If you think the problem is context you have a different outlook. You’re going to spend more time being specific. Less rules, more grounding. You want the system to surface ambiguous instructions instead of trying to resolve it with limited information. It’s like an intern being unclear on a task. You want the AI to ask you what to do instead of interpreting incomplete info.

It should be a cooperative inference problem. The system should always be just a little uncertain about what the operator wants and then seek to find out what is needed. The alternative is to confidently pursue a bad solution to a fixed objective because it thought it knew what you wanted without you telling it those details.

Knowing you have to do this doesn’t make agent building easier. In fact, it makes it a lot harder. It just makes the whole thing a lot more honest. Because you have to assume that people will never full specify what they want in advance no matter how much detail they provide. That’s not a failure of imagination. It’s the reality of how complex systems are implemented. There’s always some detail you miss. You shouldn’t aim to create the perfect spec up front. You should instead seek to build a system that is smart enough to know it’s missing context and will ask for it before running off to go to work.

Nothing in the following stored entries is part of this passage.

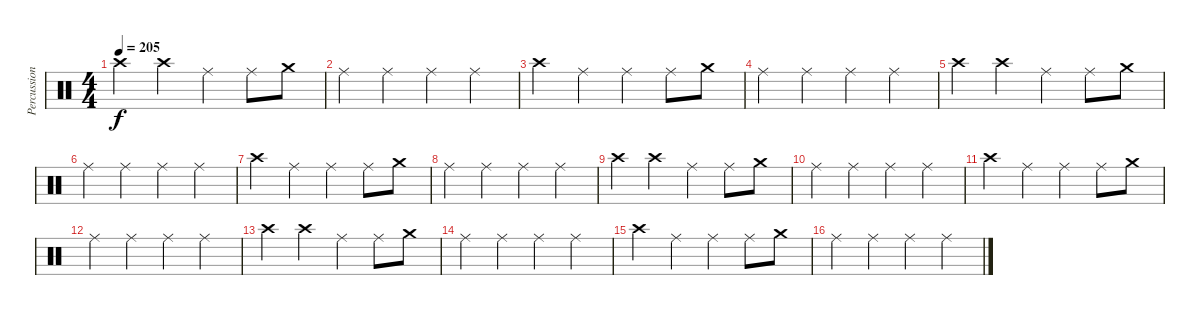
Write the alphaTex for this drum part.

\track ("Percussion" "Percussion") {instrument percussion}
\staff {score}
\articulation defaults
\ts (4 4)
\tempo 205
\clef neutral
\ks c "Crash high (hit)".4{dy f} "Crash high (hit)".4 "Ride (middle)".4 "Ride (middle)".8 "Crash medium (hit)".8
|
"Ride (middle)".4 "Ride (middle)".4 "Ride (middle)".4 "Ride (middle)".4 |
"Crash high (hit)".4 "Ride (middle)".4 "Ride (middle)".4 "Ride (middle)".8 "Crash medium (hit)".8 |
"Ride (middle)".4 "Ride (middle)".4 "Ride (middle)".4 "Ride (middle)".4 |
"Crash high (hit)".4 "Crash high (hit)".4 "Ride (middle)".4 "Ride (middle)".8 "Crash medium (hit)".8 |
"Ride (middle)".4 "Ride (middle)".4 "Ride (middle)".4 "Ride (middle)".4 |
"Crash high (hit)".4 "Ride (middle)".4 "Ride (middle)".4 "Ride (middle)".8 "Crash medium (hit)".8 |
"Ride (middle)".4 "Ride (middle)".4 "Ride (middle)".4 "Ride (middle)".4 |
"Crash high (hit)".4 "Crash high (hit)".4 "Ride (middle)".4 "Ride (middle)".8 "Crash medium (hit)".8 |
"Ride (middle)".4 "Ride (middle)".4 "Ride (middle)".4 "Ride (middle)".4 |
"Crash high (hit)".4 "Ride (middle)".4 "Ride (middle)".4 "Ride (middle)".8 "Crash medium (hit)".8 |
"Ride (middle)".4 "Ride (middle)".4 "Ride (middle)".4 "Ride (middle)".4 |
"Crash high (hit)".4 "Crash high (hit)".4 "Ride (middle)".4 "Ride (middle)".8 "Crash medium (hit)".8 |
"Ride (middle)".4 "Ride (middle)".4 "Ride (middle)".4 "Ride (middle)".4 |
"Crash high (hit)".4 "Ride (middle)".4 "Ride (middle)".4 "Ride (middle)".8 "Crash medium (hit)".8 |
"Ride (middle)".4 "Ride (middle)".4 "Ride (middle)".4 "Ride (middle)".4
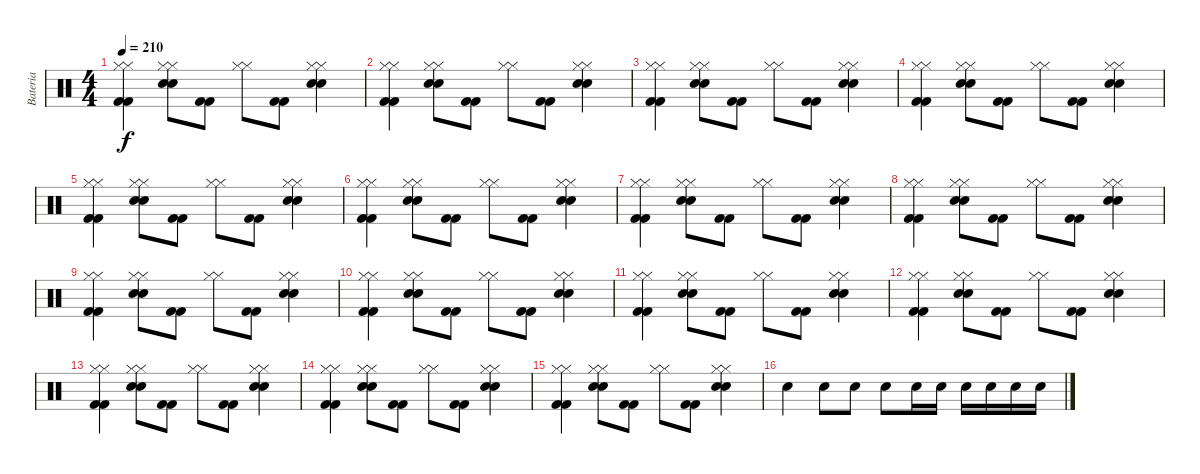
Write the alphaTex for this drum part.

\track ("Bateria" "Bateria") {instrument percussion}
\staff {score}
\articulation defaults
\ts (4 4)
\tempo 210
\clef neutral
\ks c
("Hi-Hat (closed)" "Hi-Hat (closed)" "Kick (hit) 2" "Kick (hit) 2").4{dy f} ("Hi-Hat (closed)" "Hi-Hat (closed)" "Snare (hit) 2" "Snare (hit) 2").8 ("Kick (hit) 2" "Kick (hit) 2").8 ("Hi-Hat (closed)" "Hi-Hat (closed)").8 ("Kick (hit) 2" "Kick (hit) 2").8 ("Hi-Hat (closed)" "Hi-Hat (closed)" "Snare (hit) 2" "Snare (hit) 2").4 |
("Hi-Hat (closed)" "Hi-Hat (closed)" "Kick (hit) 2" "Kick (hit) 2").4 ("Hi-Hat (closed)" "Hi-Hat (closed)" "Snare (hit) 2" "Snare (hit) 2").8 ("Kick (hit) 2" "Kick (hit) 2").8 ("Hi-Hat (closed)" "Hi-Hat (closed)").8 ("Kick (hit) 2" "Kick (hit) 2").8 ("Hi-Hat (closed)" "Hi-Hat (closed)" "Snare (hit) 2" "Snare (hit) 2").4 |
("Hi-Hat (closed)" "Hi-Hat (closed)" "Kick (hit) 2" "Kick (hit) 2").4 ("Hi-Hat (closed)" "Hi-Hat (closed)" "Snare (hit) 2" "Snare (hit) 2").8 ("Kick (hit) 2" "Kick (hit) 2").8 ("Hi-Hat (closed)" "Hi-Hat (closed)").8 ("Kick (hit) 2" "Kick (hit) 2").8 ("Hi-Hat (closed)" "Hi-Hat (closed)" "Snare (hit) 2" "Snare (hit) 2").4 |
("Hi-Hat (closed)" "Hi-Hat (closed)" "Kick (hit) 2" "Kick (hit) 2").4 ("Hi-Hat (closed)" "Hi-Hat (closed)" "Snare (hit) 2" "Snare (hit) 2").8 ("Kick (hit) 2" "Kick (hit) 2").8 ("Hi-Hat (closed)" "Hi-Hat (closed)").8 ("Kick (hit) 2" "Kick (hit) 2").8 ("Hi-Hat (closed)" "Hi-Hat (closed)" "Snare (hit) 2" "Snare (hit) 2").4 |
("Hi-Hat (closed)" "Hi-Hat (closed)" "Kick (hit) 2" "Kick (hit) 2").4 ("Hi-Hat (closed)" "Hi-Hat (closed)" "Snare (hit) 2" "Snare (hit) 2").8 ("Kick (hit) 2" "Kick (hit) 2").8 ("Hi-Hat (closed)" "Hi-Hat (closed)").8 ("Kick (hit) 2" "Kick (hit) 2").8 ("Hi-Hat (closed)" "Hi-Hat (closed)" "Snare (hit) 2" "Snare (hit) 2").4 |
("Hi-Hat (closed)" "Hi-Hat (closed)" "Kick (hit) 2" "Kick (hit) 2").4 ("Hi-Hat (closed)" "Hi-Hat (closed)" "Snare (hit) 2" "Snare (hit) 2").8 ("Kick (hit) 2" "Kick (hit) 2").8 ("Hi-Hat (closed)" "Hi-Hat (closed)").8 ("Kick (hit) 2" "Kick (hit) 2").8 ("Hi-Hat (closed)" "Hi-Hat (closed)" "Snare (hit) 2" "Snare (hit) 2").4 |
("Hi-Hat (closed)" "Hi-Hat (closed)" "Kick (hit) 2" "Kick (hit) 2").4 ("Hi-Hat (closed)" "Hi-Hat (closed)" "Snare (hit) 2" "Snare (hit) 2").8 ("Kick (hit) 2" "Kick (hit) 2").8 ("Hi-Hat (closed)" "Hi-Hat (closed)").8 ("Kick (hit) 2" "Kick (hit) 2").8 ("Hi-Hat (closed)" "Hi-Hat (closed)" "Snare (hit) 2" "Snare (hit) 2").4 |
("Hi-Hat (closed)" "Hi-Hat (closed)" "Kick (hit) 2" "Kick (hit) 2").4 ("Hi-Hat (closed)" "Hi-Hat (closed)" "Snare (hit) 2" "Snare (hit) 2").8 ("Kick (hit) 2" "Kick (hit) 2").8 ("Hi-Hat (closed)" "Hi-Hat (closed)").8 ("Kick (hit) 2" "Kick (hit) 2").8 ("Hi-Hat (closed)" "Hi-Hat (closed)" "Snare (hit) 2" "Snare (hit) 2").4 |
("Hi-Hat (closed)" "Hi-Hat (closed)" "Kick (hit) 2" "Kick (hit) 2").4 ("Hi-Hat (closed)" "Hi-Hat (closed)" "Snare (hit) 2" "Snare (hit) 2").8 ("Kick (hit) 2" "Kick (hit) 2").8 ("Hi-Hat (closed)" "Hi-Hat (closed)").8 ("Kick (hit) 2" "Kick (hit) 2").8 ("Hi-Hat (closed)" "Hi-Hat (closed)" "Snare (hit) 2" "Snare (hit) 2").4 |
("Hi-Hat (closed)" "Hi-Hat (closed)" "Kick (hit) 2" "Kick (hit) 2").4 ("Hi-Hat (closed)" "Hi-Hat (closed)" "Snare (hit) 2" "Snare (hit) 2").8 ("Kick (hit) 2" "Kick (hit) 2").8 ("Hi-Hat (closed)" "Hi-Hat (closed)").8 ("Kick (hit) 2" "Kick (hit) 2").8 ("Hi-Hat (closed)" "Hi-Hat (closed)" "Snare (hit) 2" "Snare (hit) 2").4 |
("Hi-Hat (closed)" "Hi-Hat (closed)" "Kick (hit) 2" "Kick (hit) 2").4 ("Hi-Hat (closed)" "Hi-Hat (closed)" "Snare (hit) 2" "Snare (hit) 2").8 ("Kick (hit) 2" "Kick (hit) 2").8 ("Hi-Hat (closed)" "Hi-Hat (closed)").8 ("Kick (hit) 2" "Kick (hit) 2").8 ("Hi-Hat (closed)" "Hi-Hat (closed)" "Snare (hit) 2" "Snare (hit) 2").4 |
("Hi-Hat (closed)" "Hi-Hat (closed)" "Kick (hit) 2" "Kick (hit) 2").4 ("Hi-Hat (closed)" "Hi-Hat (closed)" "Snare (hit) 2" "Snare (hit) 2").8 ("Kick (hit) 2" "Kick (hit) 2").8 ("Hi-Hat (closed)" "Hi-Hat (closed)").8 ("Kick (hit) 2" "Kick (hit) 2").8 ("Hi-Hat (closed)" "Hi-Hat (closed)" "Snare (hit) 2" "Snare (hit) 2").4 |
("Hi-Hat (closed)" "Hi-Hat (closed)" "Kick (hit) 2" "Kick (hit) 2").4 ("Hi-Hat (closed)" "Hi-Hat (closed)" "Snare (hit) 2" "Snare (hit) 2").8 ("Kick (hit) 2" "Kick (hit) 2").8 ("Hi-Hat (closed)" "Hi-Hat (closed)").8 ("Kick (hit) 2" "Kick (hit) 2").8 ("Hi-Hat (closed)" "Hi-Hat (closed)" "Snare (hit) 2" "Snare (hit) 2").4 |
("Hi-Hat (closed)" "Hi-Hat (closed)" "Kick (hit) 2" "Kick (hit) 2").4 ("Hi-Hat (closed)" "Hi-Hat (closed)" "Snare (hit) 2" "Snare (hit) 2").8 ("Kick (hit) 2" "Kick (hit) 2").8 ("Hi-Hat (closed)" "Hi-Hat (closed)").8 ("Kick (hit) 2" "Kick (hit) 2").8 ("Hi-Hat (closed)" "Hi-Hat (closed)" "Snare (hit) 2" "Snare (hit) 2").4 |
("Hi-Hat (closed)" "Hi-Hat (closed)" "Kick (hit) 2" "Kick (hit) 2").4 ("Hi-Hat (closed)" "Hi-Hat (closed)" "Snare (hit) 2" "Snare (hit) 2").8 ("Kick (hit) 2" "Kick (hit) 2").8 ("Hi-Hat (closed)" "Hi-Hat (closed)").8 ("Kick (hit) 2" "Kick (hit) 2").8 ("Hi-Hat (closed)" "Hi-Hat (closed)" "Snare (hit) 2" "Snare (hit) 2").4 |
"Snare (hit) 2".4 "Snare (hit) 2".8 "Snare (hit) 2".8 "Snare (hit) 2".8 "Snare (hit) 2".16 "Snare (hit) 2".16 "Snare (hit) 2".16 "Snare (hit) 2".16 "Snare (hit) 2".16 "Snare (hit) 2".16

It also means you have to treat an agent asking questions as a feature and not a failure. It’s like when your intern asks you to confirm that what you asked for is what you want. That’s not them being dumb. That’s them being sure they heard you right. And really, that helps you in the long run because if the system is asking you about specific areas you know your instructions must be a little thin in that area.


Tom’s Take

If you think your AI is a malicious genie you’re always going to be asking what rules have to be put in place to prevent it from going rogue. What you should be asking instead is “How can I give my agents enough context to do what I really mean?” The more powerful our AI agents get the wider the gap between those two things is going to be. But we can start to solve it today by building systems that ask questions when things are unclear. I promise you that you’re going to enjoy the results more than trying to close every loophole in your wishes.